§ Aim of the exercise
Gather each line of the records where "bottle" appears.

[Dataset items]

##########

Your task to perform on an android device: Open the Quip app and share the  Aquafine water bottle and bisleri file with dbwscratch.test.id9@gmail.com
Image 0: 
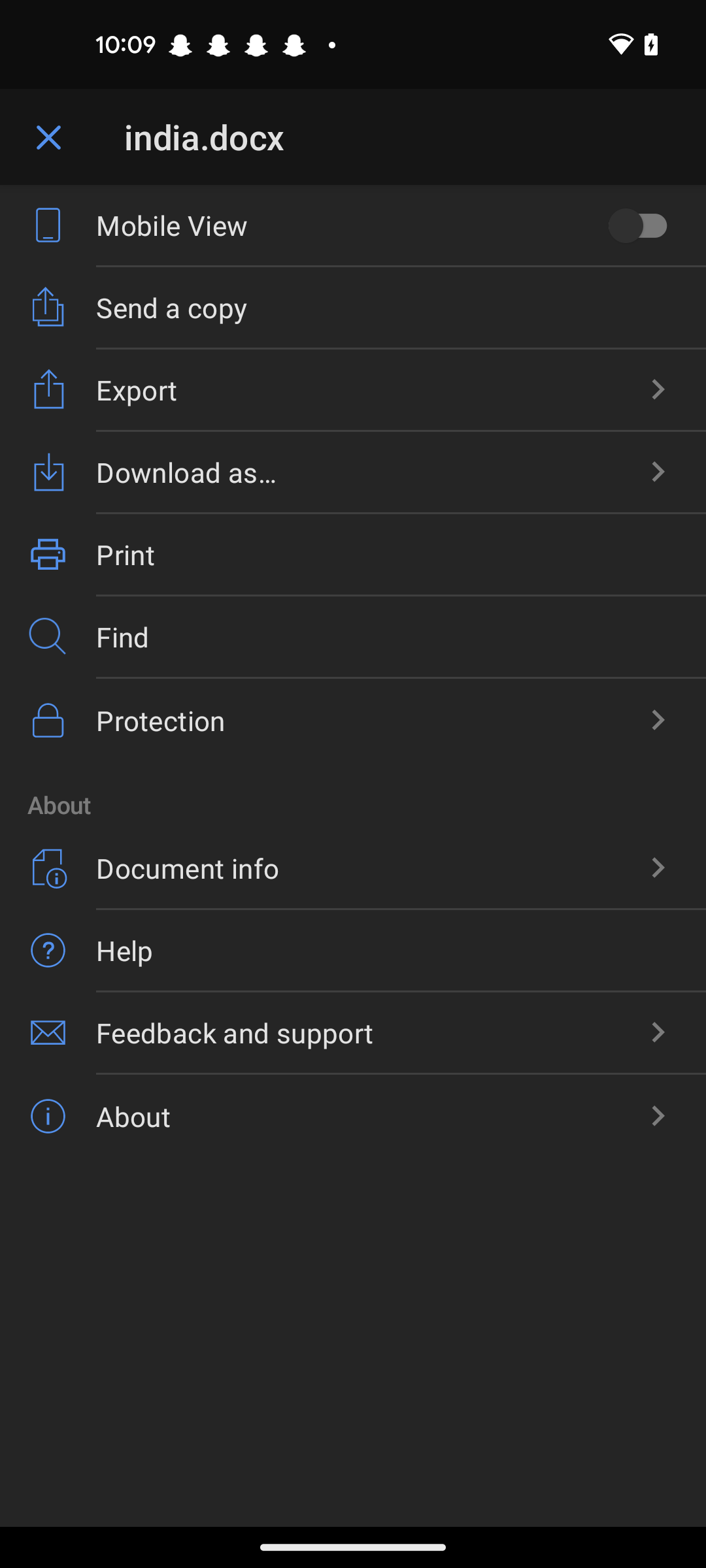
open the quip app
Step 0: open app "Quip"
Image 1: 
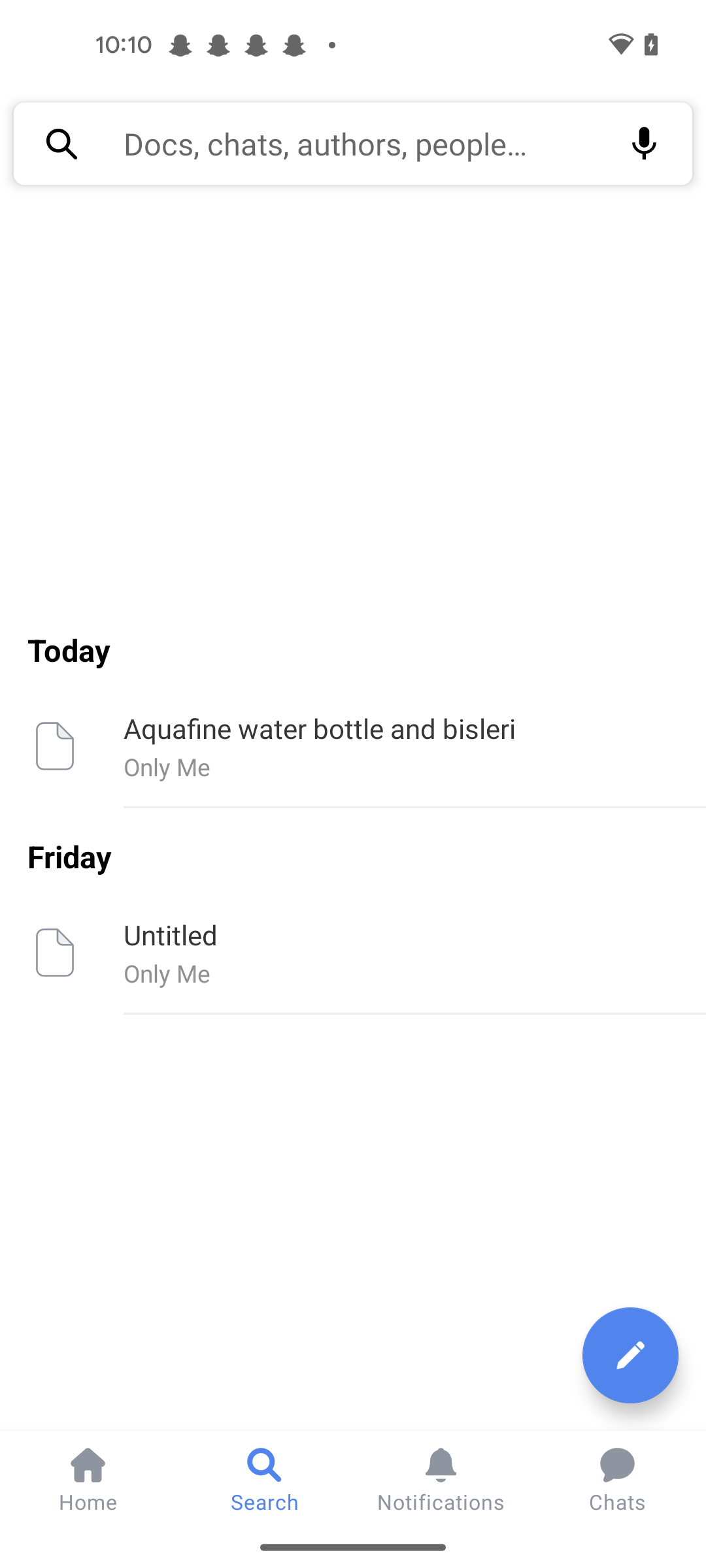
Click on the Aquafine water bottle and bisleri file
Step 1: click (414, 728)
Image 3: 
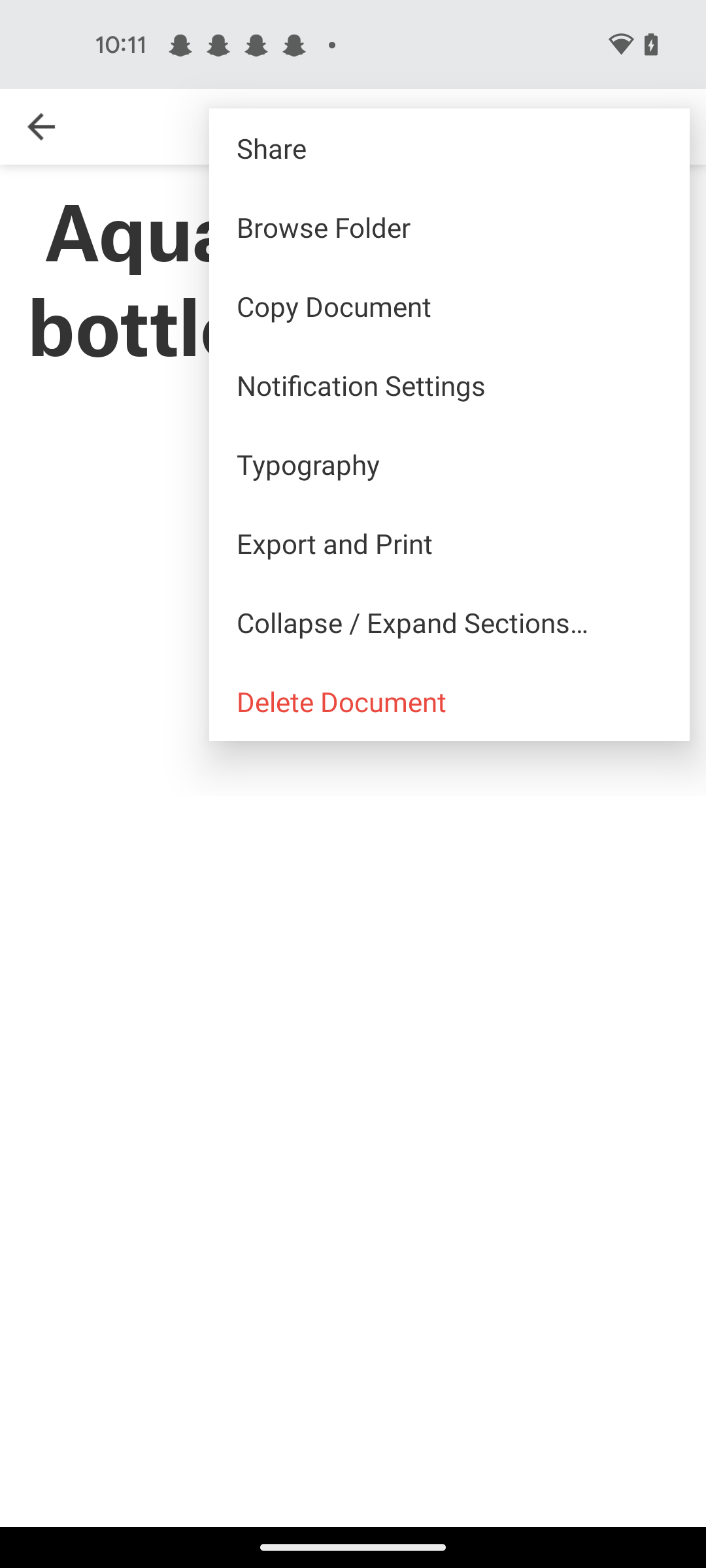
Click on the share option of the screen
Step 3: click (443, 127)
Image 4: 
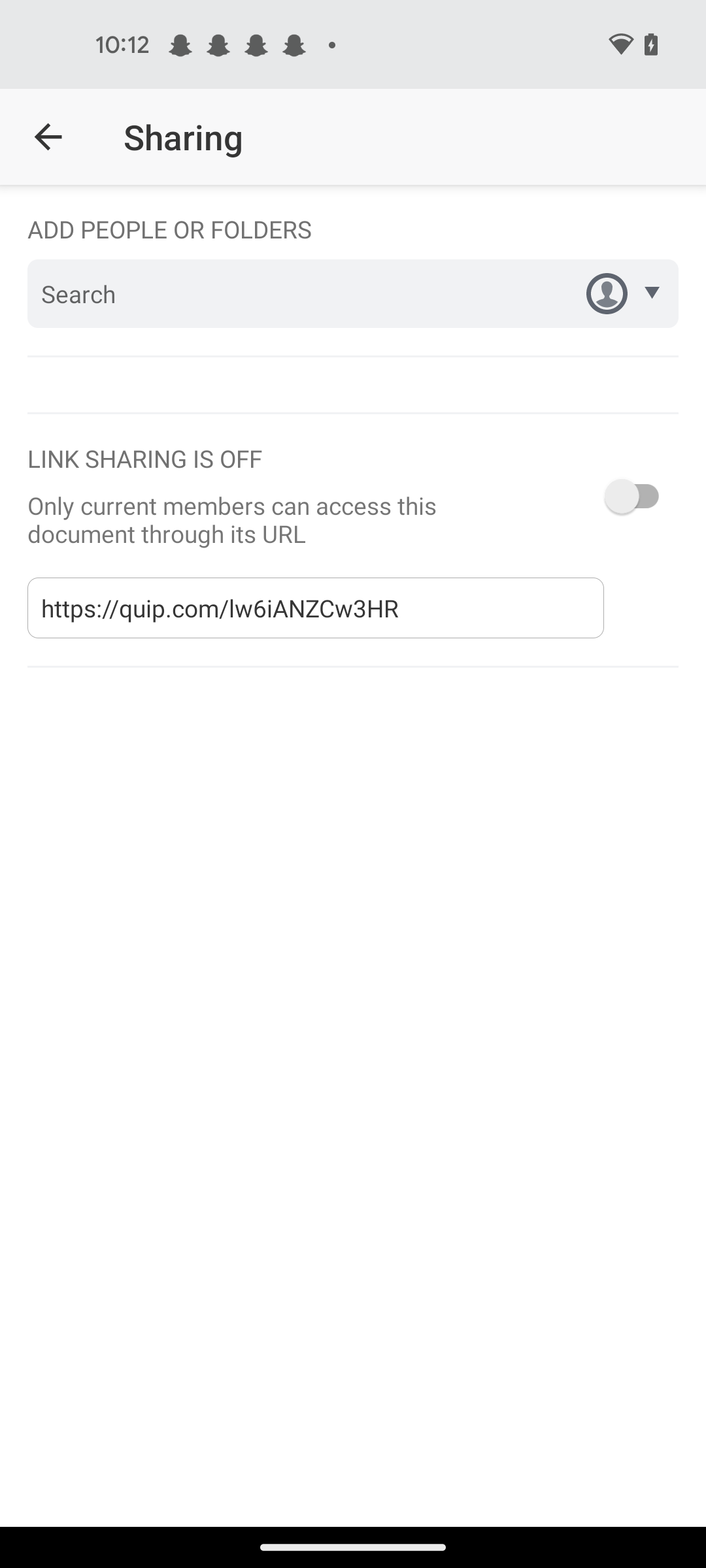
Click on the text bar
Step 4: click (300, 293)
Image 5: 
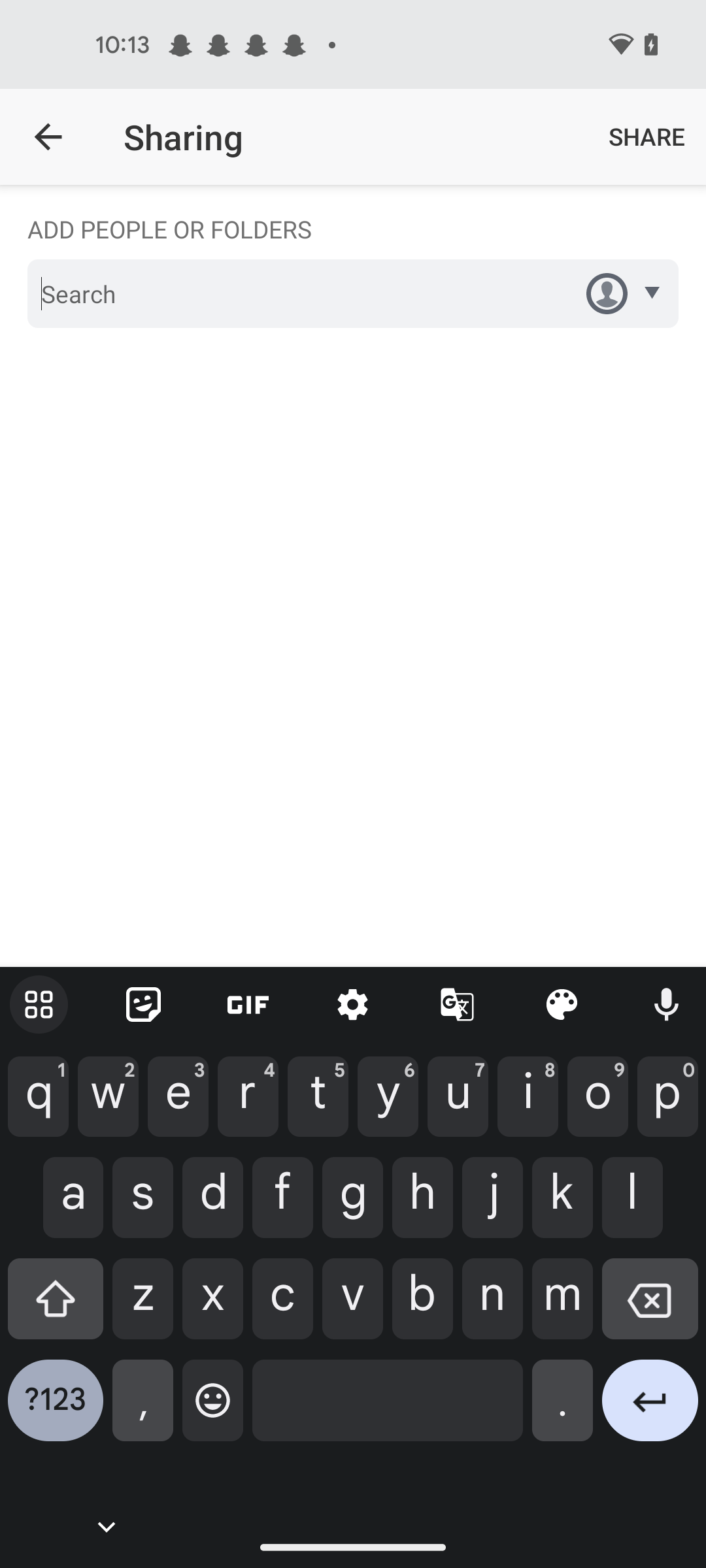
Enter email as dbwscratch.test.id9@gmail.com
Step 5: type "dbwscratch.test.id9@gmail.com"
Image 6: 
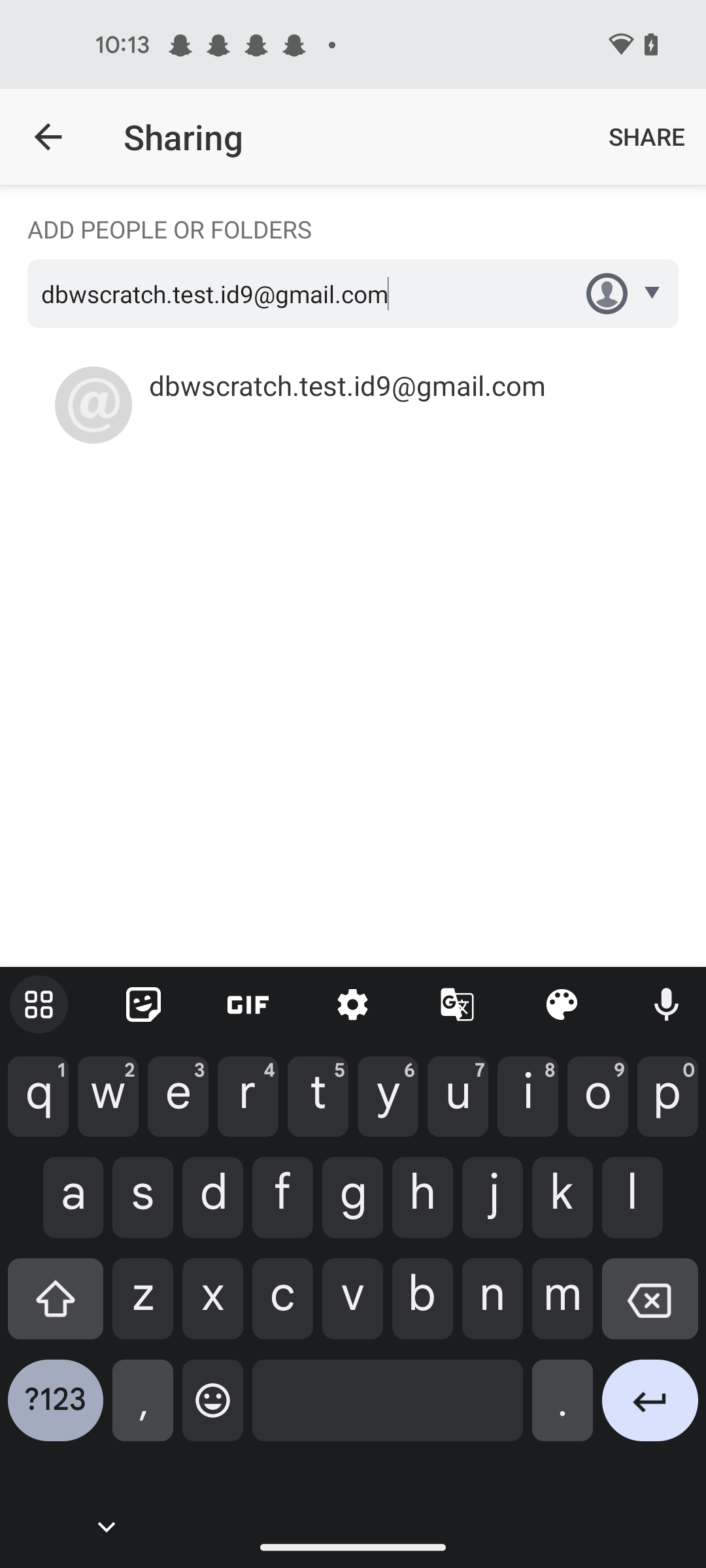
Select the Email 
Step 6: click (399, 385)
Image 7: 
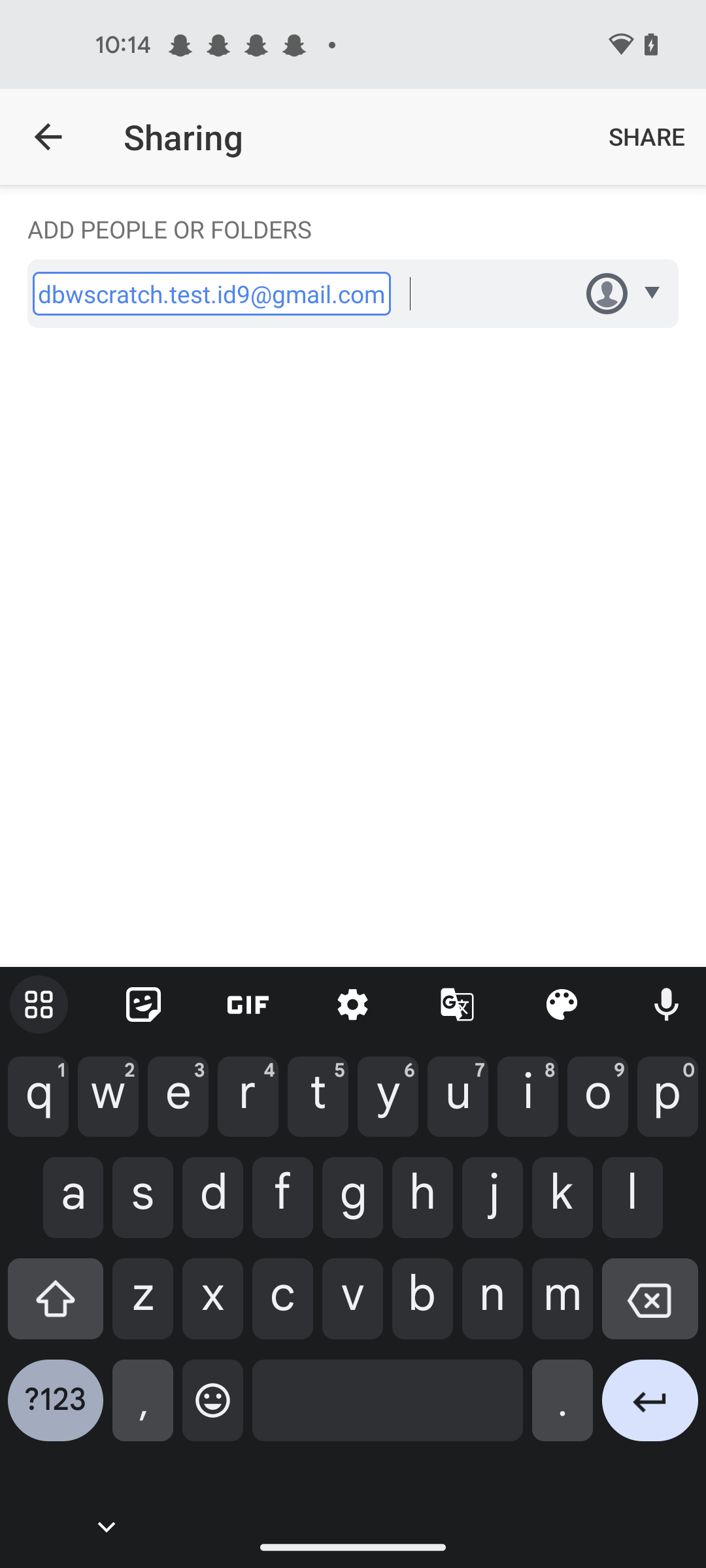
Click on the share button at the top right corner of the screen 
Step 7: click (646, 137)

##########

§ Exercise result
Your task to perform on an android device: Open the Quip app and share the  Aquafine water bottle and bisleri file with dbwscratch.test.id9@gmail.com
Click on the Aquafine water bottle and bisleri file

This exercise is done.